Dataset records
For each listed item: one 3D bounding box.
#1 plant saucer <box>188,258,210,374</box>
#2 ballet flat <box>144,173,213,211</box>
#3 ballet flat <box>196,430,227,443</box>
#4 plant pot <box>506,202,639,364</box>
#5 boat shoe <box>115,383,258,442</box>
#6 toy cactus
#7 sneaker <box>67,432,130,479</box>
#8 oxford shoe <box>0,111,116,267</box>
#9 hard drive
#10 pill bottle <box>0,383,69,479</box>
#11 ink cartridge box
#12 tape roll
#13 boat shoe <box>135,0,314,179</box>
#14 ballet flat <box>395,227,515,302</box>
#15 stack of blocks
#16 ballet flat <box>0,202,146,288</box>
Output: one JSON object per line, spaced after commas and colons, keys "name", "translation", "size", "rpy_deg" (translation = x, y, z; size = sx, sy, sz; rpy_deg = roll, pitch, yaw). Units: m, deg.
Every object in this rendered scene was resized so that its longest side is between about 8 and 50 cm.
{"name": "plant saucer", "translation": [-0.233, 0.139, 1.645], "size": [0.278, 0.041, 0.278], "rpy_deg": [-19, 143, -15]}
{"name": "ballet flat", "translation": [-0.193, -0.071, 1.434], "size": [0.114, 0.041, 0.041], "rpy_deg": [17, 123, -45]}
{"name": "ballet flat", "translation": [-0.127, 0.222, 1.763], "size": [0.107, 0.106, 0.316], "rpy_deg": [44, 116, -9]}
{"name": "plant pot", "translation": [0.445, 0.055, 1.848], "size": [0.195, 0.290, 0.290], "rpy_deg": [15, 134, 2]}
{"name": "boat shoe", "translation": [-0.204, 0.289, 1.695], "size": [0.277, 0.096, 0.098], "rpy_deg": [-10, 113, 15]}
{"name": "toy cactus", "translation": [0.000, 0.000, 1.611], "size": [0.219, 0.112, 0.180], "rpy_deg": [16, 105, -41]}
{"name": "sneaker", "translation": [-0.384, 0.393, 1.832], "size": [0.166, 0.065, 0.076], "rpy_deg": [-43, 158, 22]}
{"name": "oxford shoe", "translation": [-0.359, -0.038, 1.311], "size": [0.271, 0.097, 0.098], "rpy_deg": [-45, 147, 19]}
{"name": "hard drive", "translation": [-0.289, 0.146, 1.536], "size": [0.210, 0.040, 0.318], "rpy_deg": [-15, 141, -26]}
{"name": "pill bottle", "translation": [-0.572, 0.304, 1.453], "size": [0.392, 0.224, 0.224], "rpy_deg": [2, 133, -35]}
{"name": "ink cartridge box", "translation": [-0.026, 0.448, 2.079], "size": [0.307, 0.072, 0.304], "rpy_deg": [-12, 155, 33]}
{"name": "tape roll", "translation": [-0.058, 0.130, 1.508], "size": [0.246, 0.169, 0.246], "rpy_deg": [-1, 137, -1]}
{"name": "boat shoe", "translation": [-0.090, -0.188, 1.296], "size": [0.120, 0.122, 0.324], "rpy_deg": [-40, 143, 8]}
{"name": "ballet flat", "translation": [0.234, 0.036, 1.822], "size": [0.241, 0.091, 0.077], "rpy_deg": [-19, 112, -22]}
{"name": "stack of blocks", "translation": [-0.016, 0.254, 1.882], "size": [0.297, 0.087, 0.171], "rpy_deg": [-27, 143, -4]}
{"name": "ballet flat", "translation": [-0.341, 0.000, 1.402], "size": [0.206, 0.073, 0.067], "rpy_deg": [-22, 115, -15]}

Required work. Retype only the lines above between the line with "#15 stack of blocks" and the line with "Output: one JSON", counting those two lines as well, and keep every character as it is.

Answer to this exercise.
#15 stack of blocks
#16 ballet flat <box>0,202,146,288</box>
Output: one JSON object per line, spaced after commas and colons, keys "name", "translation", "size", "rpy_deg" (translation = x, y, z; size = sx, sy, sz; rpy_deg = roll, pitch, yaw). Units: m, deg.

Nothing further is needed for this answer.